Since we pick a minibatch $\mathcal{B}$ we need to normalize by its size $|\mathcal{B}|$. Frequently minibatch size and learning rate are user-defined. Such tunable parameters that are not updated in the training loop are called hyperparameters.
They can be tuned automatically by a number of techniques, such as Bayesian optimization :cite:Frazier.2018. In the end, the quality of the solution is typically assessed on a separate validation dataset (or validation set).
After training for some predetermined number of iterations (or until some other stopping criterion is met), we record the estimated model parameters, denoted $\hat{\mathbf{w}}, \hat{b}$.
Note that even if our function is truly linear and noiseless, these parameters will not be the exact minimizers of the loss, nor even deterministic.
Although the algorithm converges slowly towards the minimizers it typically will not find them exactly in a finite number of steps.
Moreover, the minibatches $\mathcal{B}$ used for updating the parameters are chosen at random. This breaks determinism.

Linear regression happens to be a learning problem with a global minimum (whenever $\mathbf{X}$ is full rank, or equivalently, whenever $\mathbf{X}^\top \mathbf{X}$ is invertible).
However, the loss surfaces for deep networks contain many saddle points and minima. Fortunately, we typically do not care about finding an exact set of parameters but merely any set of parameters that leads to accurate predictions (and thus low loss).
In practice, deep learning practitioners seldom struggle to find parameters that minimize the loss on training sets :cite:Izmailov.Podoprikhin.Garipov.ea.2018,Frankle.Carbin.2018.
The more formidable task is to find parameters that lead to accurate predictions on previously unseen data, a challenge called generalization.

Predictions

Given the model $\hat{\mathbf{w}}^\top \mathbf{x} + \hat{b}$, we can now make predictions for a new example, e.g., predicting the sales price of a previously unseen house given its area $x_1$ and age $x_2$.
Deep learning practitioners have taken to calling the prediction phase inference but this is a bit of a misnomer—inference refers broadly to any conclusion reached on the basis of evidence, including both the values of the parameters and the likely label for an unseen instance.
If anything, in the statistics literature inference more often denotes parameter inference and this overloading of terminology creates unnecessary confusion when deep learning practitioners talk to statisticians.
In the following we will stick to prediction whenever possible.

Vectorization for Speed

When training our models, we typically want to process whole minibatches of examples simultaneously.
Doing this efficiently requires that (we) (~~should~~) (vectorize the calculations and leverage fast linear algebra libraries rather than writing costly for-loops in Python.)
To see why this matters so much, let’s (consider two methods for adding vectors.)
To start, we instantiate two 10,000-dimensional vectors containing all 1s.
In the first method, we loop over the vectors with a Python for-loop.
In the second, we rely on a single call to +.

In [12]:

n = 10000
a = torch.ones(n)
b = torch.ones(n)

Now we can benchmark the workloads. First, [we add them, one coordinate at a time, using a for-loop.]

In [14]:

c = torch.zeros(n)
t = time.time()
for i in range(n):
    c[i] = a[i] + b[i]
f'{time.time() - t:.5f} sec'

(Alternatively, we rely on the reloaded + operator to compute the elementwise sum.)

In [16]:

t = time.time()
d = a + b
f'{time.time() - t:.5f} sec'

second method is dramatically faster than the first. Vectorizing code often yields order-of-magnitude speedups.
Moreover, we push more of the mathematics to the library so we do not have to write as many calculations ourselves, reducing the potential for errors and increasing portability of the code.
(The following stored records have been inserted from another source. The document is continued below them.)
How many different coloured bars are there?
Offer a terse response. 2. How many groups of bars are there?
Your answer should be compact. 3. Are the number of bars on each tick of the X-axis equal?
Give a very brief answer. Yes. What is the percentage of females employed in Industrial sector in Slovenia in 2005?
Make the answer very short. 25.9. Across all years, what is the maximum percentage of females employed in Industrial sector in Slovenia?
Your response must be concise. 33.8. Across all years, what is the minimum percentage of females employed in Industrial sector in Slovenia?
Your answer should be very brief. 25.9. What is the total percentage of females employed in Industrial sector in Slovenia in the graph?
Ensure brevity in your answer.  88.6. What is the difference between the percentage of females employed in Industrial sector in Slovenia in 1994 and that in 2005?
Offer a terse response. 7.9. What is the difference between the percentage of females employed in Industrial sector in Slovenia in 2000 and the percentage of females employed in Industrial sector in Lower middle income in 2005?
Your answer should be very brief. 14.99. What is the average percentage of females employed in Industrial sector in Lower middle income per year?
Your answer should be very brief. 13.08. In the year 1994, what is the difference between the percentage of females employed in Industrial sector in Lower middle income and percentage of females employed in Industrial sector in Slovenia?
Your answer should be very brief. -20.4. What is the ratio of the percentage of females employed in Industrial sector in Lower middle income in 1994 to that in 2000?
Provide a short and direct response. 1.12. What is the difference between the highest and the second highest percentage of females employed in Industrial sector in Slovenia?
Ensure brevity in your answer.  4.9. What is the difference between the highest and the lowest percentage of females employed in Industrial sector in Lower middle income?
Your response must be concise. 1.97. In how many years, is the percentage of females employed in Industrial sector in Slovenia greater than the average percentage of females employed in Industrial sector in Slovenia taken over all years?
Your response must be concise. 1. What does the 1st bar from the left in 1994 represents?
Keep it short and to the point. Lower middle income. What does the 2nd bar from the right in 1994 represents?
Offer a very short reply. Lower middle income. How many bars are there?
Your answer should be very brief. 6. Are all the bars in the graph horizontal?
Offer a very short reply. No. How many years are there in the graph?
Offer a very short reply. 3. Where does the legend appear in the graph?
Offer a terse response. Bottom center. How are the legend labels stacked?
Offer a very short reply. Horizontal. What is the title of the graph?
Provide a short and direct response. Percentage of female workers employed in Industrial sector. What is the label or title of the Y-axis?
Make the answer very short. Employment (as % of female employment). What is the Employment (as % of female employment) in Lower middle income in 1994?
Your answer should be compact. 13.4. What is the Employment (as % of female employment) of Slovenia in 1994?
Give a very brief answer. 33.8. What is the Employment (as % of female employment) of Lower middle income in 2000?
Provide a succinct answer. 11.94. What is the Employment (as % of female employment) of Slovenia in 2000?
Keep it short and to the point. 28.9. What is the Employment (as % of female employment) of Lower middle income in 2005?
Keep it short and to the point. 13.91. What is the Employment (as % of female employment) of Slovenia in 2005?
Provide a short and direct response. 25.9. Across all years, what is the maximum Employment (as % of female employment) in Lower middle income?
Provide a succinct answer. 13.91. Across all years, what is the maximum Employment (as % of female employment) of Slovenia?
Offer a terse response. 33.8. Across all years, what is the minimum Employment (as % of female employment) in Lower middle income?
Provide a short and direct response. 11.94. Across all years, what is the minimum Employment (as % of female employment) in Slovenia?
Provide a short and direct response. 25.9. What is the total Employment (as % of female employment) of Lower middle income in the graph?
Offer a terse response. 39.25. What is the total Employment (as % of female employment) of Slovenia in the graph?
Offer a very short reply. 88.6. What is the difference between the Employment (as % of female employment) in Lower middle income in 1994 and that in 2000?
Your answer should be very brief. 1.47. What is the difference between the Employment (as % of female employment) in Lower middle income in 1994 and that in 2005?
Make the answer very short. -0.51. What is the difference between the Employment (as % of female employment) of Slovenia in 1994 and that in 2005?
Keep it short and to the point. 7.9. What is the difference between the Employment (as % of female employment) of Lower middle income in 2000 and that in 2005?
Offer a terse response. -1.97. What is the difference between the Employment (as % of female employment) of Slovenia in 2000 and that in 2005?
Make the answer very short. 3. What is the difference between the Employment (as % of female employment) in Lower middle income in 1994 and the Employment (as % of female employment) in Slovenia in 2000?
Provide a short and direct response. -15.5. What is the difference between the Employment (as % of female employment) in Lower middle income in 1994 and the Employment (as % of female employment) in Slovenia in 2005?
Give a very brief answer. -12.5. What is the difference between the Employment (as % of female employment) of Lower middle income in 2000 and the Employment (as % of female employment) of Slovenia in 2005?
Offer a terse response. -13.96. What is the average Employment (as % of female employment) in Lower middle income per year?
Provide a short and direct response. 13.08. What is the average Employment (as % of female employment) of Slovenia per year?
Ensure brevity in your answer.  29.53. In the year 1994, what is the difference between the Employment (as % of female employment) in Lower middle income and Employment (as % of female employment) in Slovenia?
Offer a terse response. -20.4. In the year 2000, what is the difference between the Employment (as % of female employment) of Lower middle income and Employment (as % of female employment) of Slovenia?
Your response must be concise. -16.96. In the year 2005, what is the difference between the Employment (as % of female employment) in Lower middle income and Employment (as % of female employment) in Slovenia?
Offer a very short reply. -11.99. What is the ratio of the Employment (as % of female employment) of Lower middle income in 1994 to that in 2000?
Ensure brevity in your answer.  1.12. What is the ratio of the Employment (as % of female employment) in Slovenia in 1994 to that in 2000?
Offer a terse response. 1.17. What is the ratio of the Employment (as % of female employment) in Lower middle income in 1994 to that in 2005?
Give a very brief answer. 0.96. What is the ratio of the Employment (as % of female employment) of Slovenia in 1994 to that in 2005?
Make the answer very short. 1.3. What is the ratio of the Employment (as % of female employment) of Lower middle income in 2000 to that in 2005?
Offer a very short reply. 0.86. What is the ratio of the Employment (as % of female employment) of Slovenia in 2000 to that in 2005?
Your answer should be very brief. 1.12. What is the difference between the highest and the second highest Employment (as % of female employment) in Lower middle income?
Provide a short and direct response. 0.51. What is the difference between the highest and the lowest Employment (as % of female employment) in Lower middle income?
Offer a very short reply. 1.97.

The Normal Distribution and Squared Loss

So far we have given a fairly functional motivation of the squared loss objective:
the optimal parameters return the conditional expectation $E[Y\mid X]$ whenever the underlying pattern is truly linear, and the loss assigns large penalties for outliers.
We can also provide a more formal motivation for the squared loss objective by making probabilistic assumptions about the distribution of noise.
Linear regression was invented at the turn of the 19th century.
While it has long been debated whether Gauss or Legendre first thought up the idea, it was Gauss who also discovered the normal distribution (also called the Gaussian). It turns out that the normal distribution and linear regression with squared loss share a deeper connection than common parentage.

To begin, recall that a normal distribution with mean $\mu$ and variance $\sigma^2$ (standard deviation $\sigma$) is given as

\[p(x) = \frac{1}{\sqrt{2 \pi \sigma^2}} \exp\left(-\frac{1}{2 \sigma^2} (x - \mu)^2\right).\]

Below [we define a function to compute the normal distribution].

In [18]:

def normal(x, mu, sigma):
    p = 1 / math.sqrt(2 * math.pi * sigma**2)

    return p * np.exp(-0.5 * (x - mu)**2 / sigma**2)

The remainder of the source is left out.